• _ABOUT THIS EXERCISE_
Repeat the records below exactly. Omit the pictures.
***** DATA FOR THIS TASK
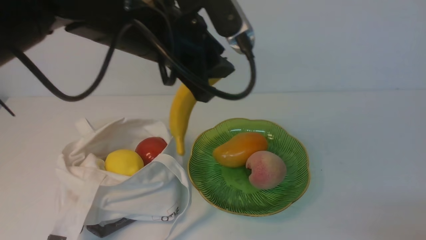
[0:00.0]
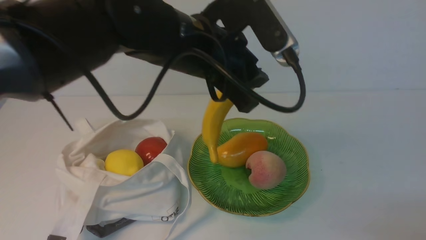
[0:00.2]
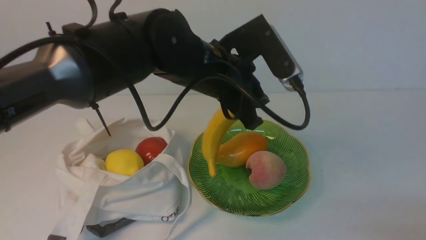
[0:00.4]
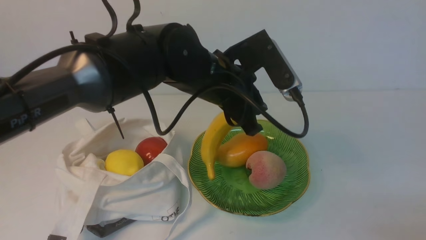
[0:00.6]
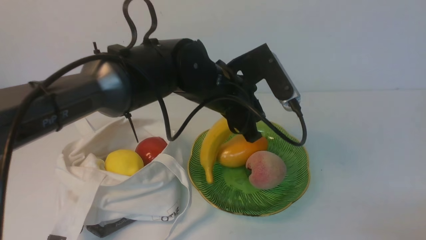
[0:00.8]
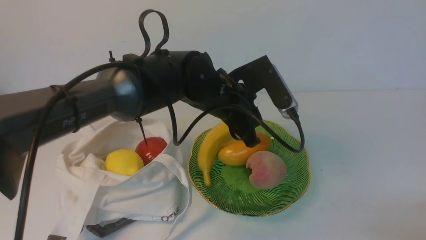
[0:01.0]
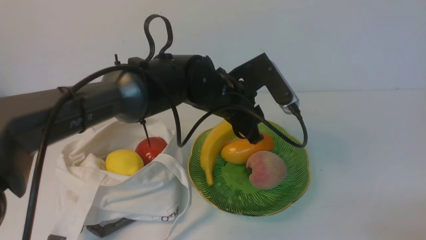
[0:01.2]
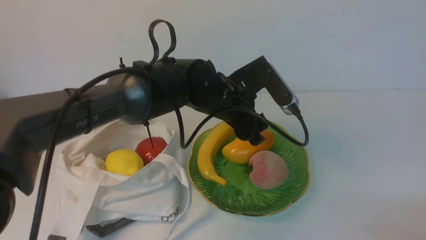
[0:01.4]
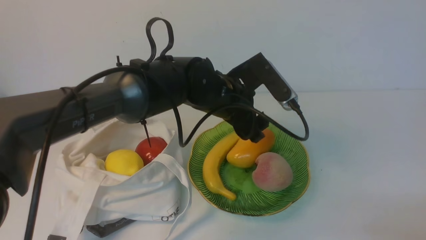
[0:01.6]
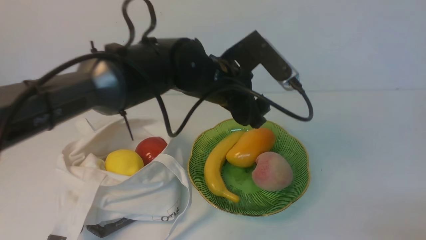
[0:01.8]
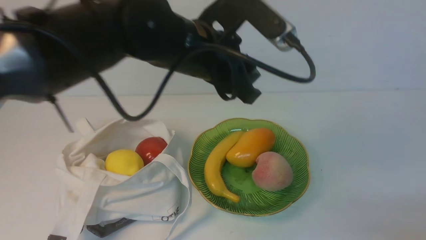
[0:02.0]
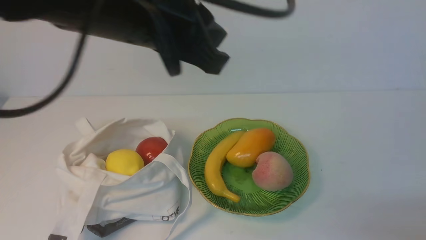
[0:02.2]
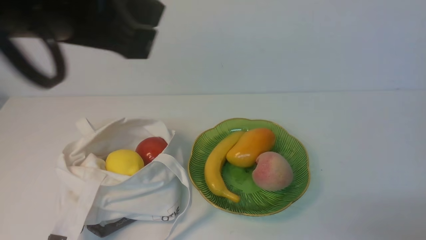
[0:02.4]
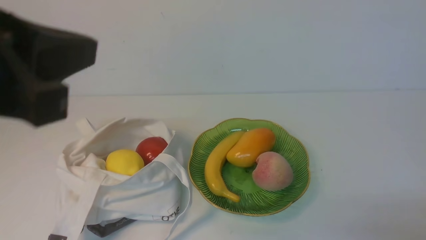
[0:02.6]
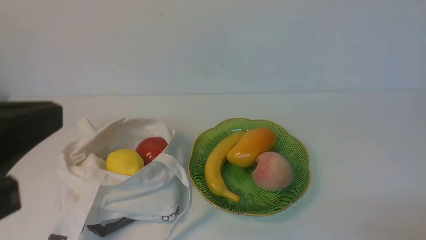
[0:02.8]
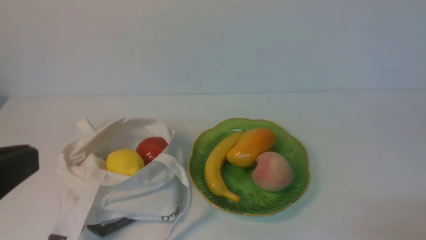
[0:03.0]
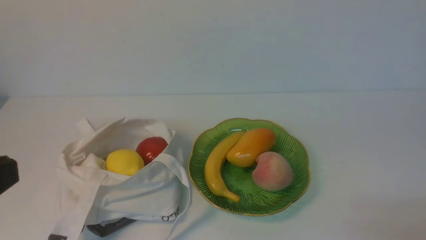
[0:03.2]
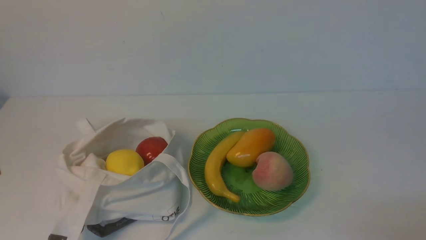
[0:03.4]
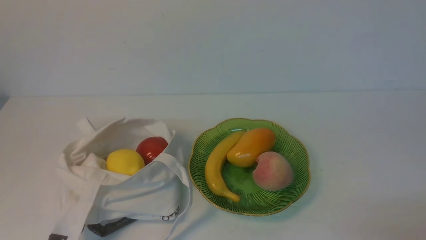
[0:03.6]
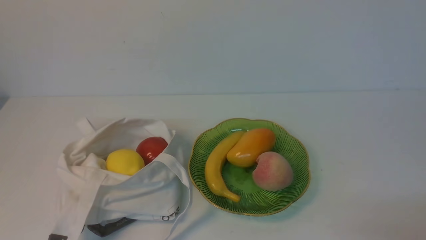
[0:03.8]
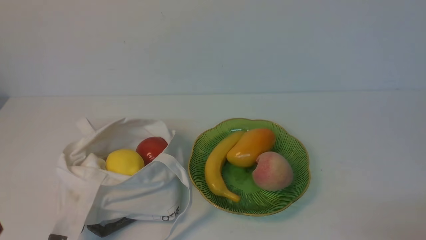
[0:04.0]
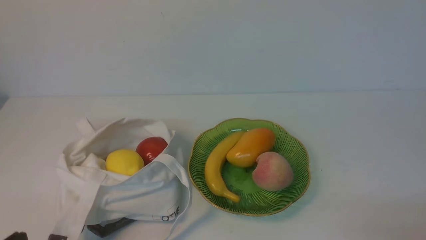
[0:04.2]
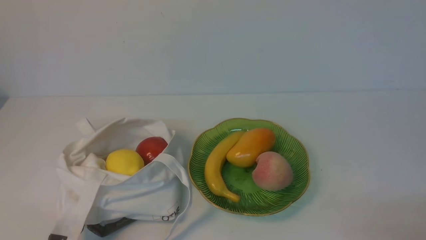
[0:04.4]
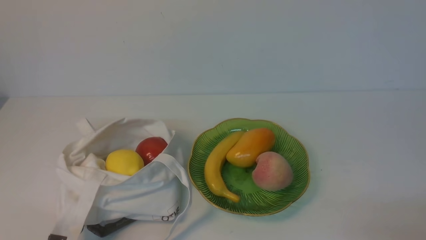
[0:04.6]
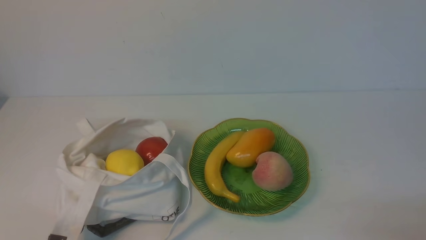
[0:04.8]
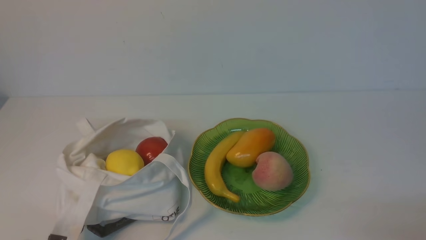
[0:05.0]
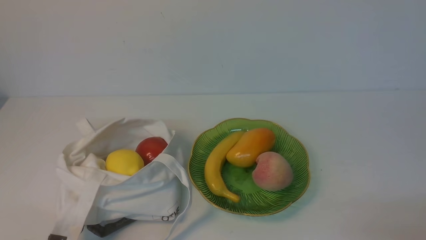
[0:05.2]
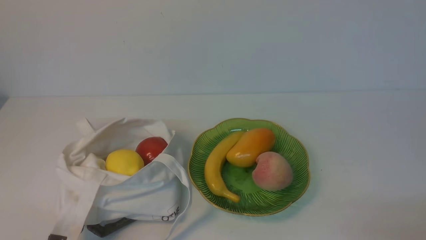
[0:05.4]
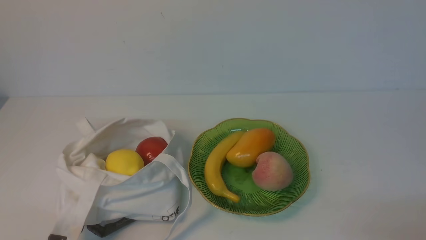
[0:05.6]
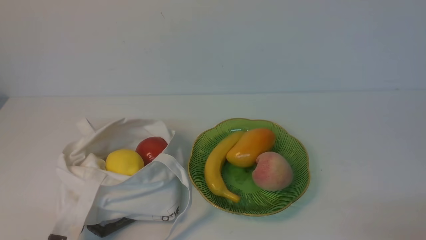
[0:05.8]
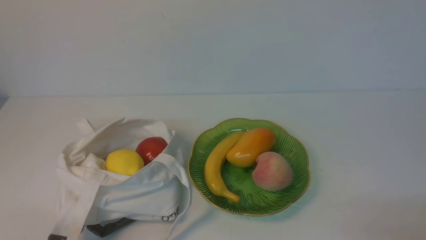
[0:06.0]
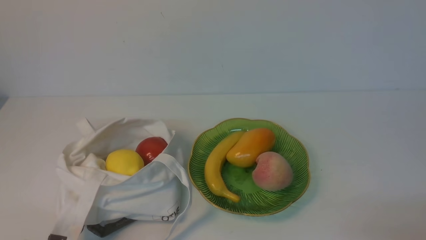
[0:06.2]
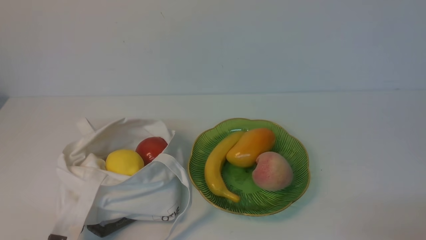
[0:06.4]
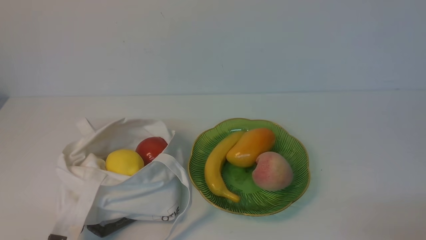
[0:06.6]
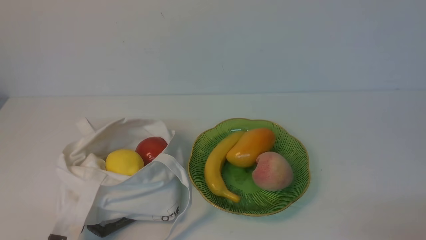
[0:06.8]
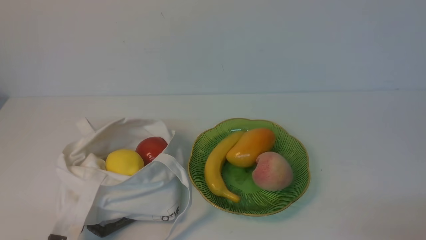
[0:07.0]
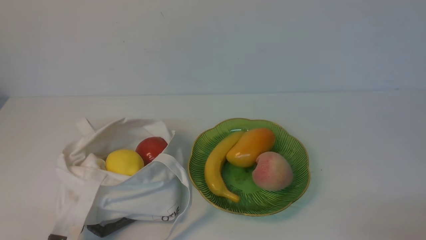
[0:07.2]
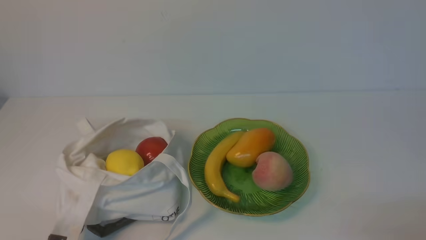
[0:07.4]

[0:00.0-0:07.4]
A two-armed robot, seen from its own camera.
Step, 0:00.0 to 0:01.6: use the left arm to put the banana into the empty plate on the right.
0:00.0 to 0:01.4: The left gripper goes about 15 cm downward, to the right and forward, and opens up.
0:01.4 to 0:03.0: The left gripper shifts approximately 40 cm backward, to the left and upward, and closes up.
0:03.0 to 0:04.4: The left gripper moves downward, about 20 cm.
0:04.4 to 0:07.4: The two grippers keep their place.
**********
• _RESULT_
[0:00.0]
[0:00.2]
[0:00.4]
[0:00.6]
[0:00.8]
[0:01.0]
[0:01.2]
[0:01.4]
[0:01.6]
[0:01.8]
[0:02.0]
[0:02.2]
[0:02.4]
[0:02.6]
[0:02.8]
[0:03.0]
[0:03.2]
[0:03.4]
[0:03.6]
[0:03.8]
[0:04.0]
[0:04.2]
[0:04.4]
[0:04.6]
[0:04.8]
[0:05.0]
[0:05.2]
[0:05.4]
[0:05.6]
[0:05.8]
[0:06.0]
[0:06.2]
[0:06.4]
[0:06.6]
[0:06.8]
[0:07.0]
[0:07.2]
[0:07.4]

[0:00.0-0:07.4]
A two-armed robot, seen from its own camera.
Step, 0:00.0 to 0:01.6: use the left arm to put the banana into the empty plate on the right.
0:00.0 to 0:01.4: The left gripper goes about 15 cm downward, to the right and forward, and opens up.
0:01.4 to 0:03.0: The left gripper shifts approximately 40 cm backward, to the left and upward, and closes up.
0:03.0 to 0:04.4: The left gripper moves downward, about 20 cm.
0:04.4 to 0:07.4: The two grippers keep their place.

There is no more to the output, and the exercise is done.